* [Your objective]: Only a slice of the listing below is wanted. Retype the lines from the one containing "5) Expanding the" through the one containing "Answer: 314,000 cubic meters", exactly, both ends included.

* [Records to use]:
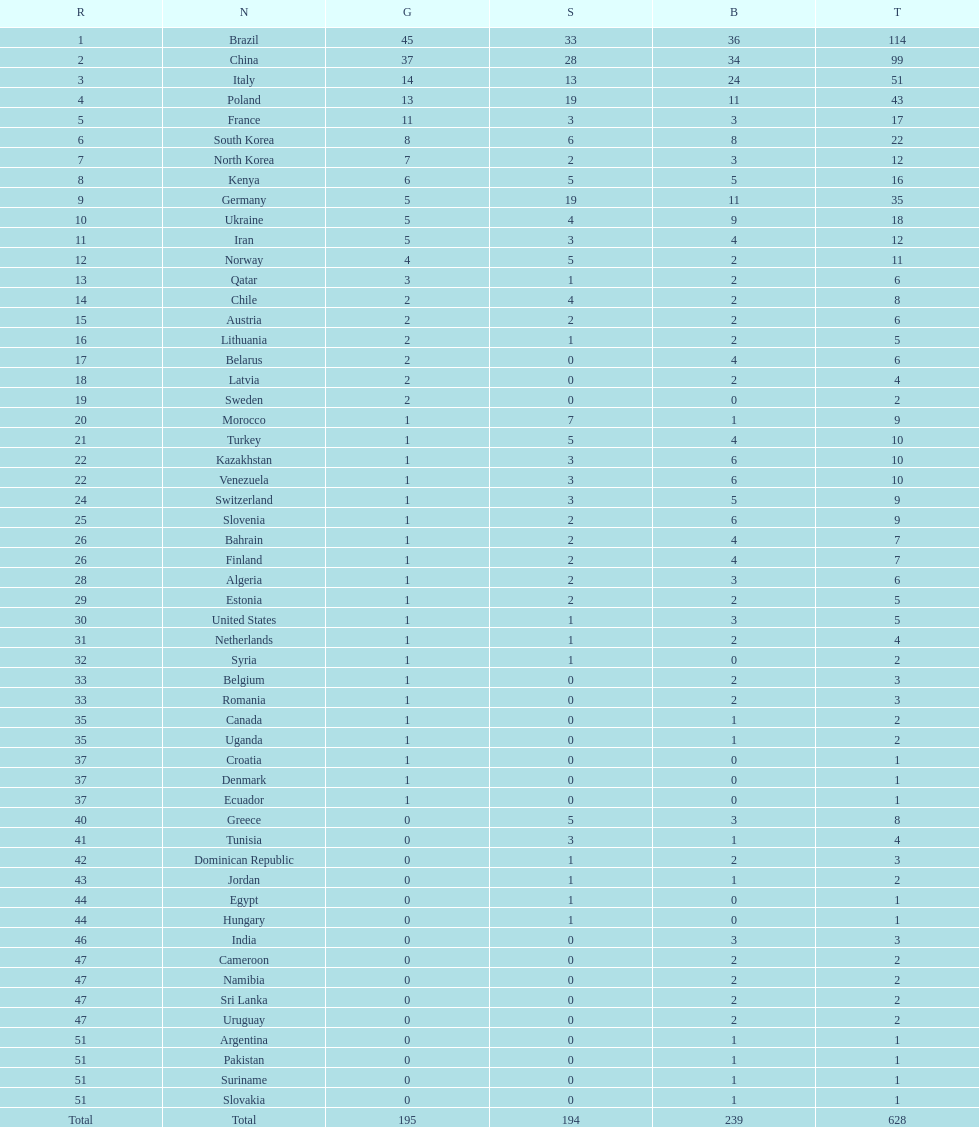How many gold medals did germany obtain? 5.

--

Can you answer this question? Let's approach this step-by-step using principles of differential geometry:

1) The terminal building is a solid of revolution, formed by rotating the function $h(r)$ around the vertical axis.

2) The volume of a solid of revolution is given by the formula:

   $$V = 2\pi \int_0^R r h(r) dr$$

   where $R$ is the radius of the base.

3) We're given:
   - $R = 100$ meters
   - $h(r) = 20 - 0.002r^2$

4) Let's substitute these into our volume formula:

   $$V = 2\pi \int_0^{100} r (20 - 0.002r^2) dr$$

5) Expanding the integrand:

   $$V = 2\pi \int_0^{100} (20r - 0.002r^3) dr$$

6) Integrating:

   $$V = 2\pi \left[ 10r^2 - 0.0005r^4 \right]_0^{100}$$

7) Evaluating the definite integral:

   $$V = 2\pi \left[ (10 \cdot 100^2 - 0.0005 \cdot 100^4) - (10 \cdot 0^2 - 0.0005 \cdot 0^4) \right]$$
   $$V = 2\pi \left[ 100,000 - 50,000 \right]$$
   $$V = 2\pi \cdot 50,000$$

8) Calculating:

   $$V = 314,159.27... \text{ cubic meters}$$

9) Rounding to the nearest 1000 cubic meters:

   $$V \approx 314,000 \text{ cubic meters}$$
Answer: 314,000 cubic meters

* [Output below]:
5) Expanding the integrand:

   $$V = 2\pi \int_0^{100} (20r - 0.002r^3) dr$$

6) Integrating:

   $$V = 2\pi \left[ 10r^2 - 0.0005r^4 \right]_0^{100}$$

7) Evaluating the definite integral:

   $$V = 2\pi \left[ (10 \cdot 100^2 - 0.0005 \cdot 100^4) - (10 \cdot 0^2 - 0.0005 \cdot 0^4) \right]$$
   $$V = 2\pi \left[ 100,000 - 50,000 \right]$$
   $$V = 2\pi \cdot 50,000$$

8) Calculating:

   $$V = 314,159.27... \text{ cubic meters}$$

9) Rounding to the nearest 1000 cubic meters:

   $$V \approx 314,000 \text{ cubic meters}$$
Answer: 314,000 cubic meters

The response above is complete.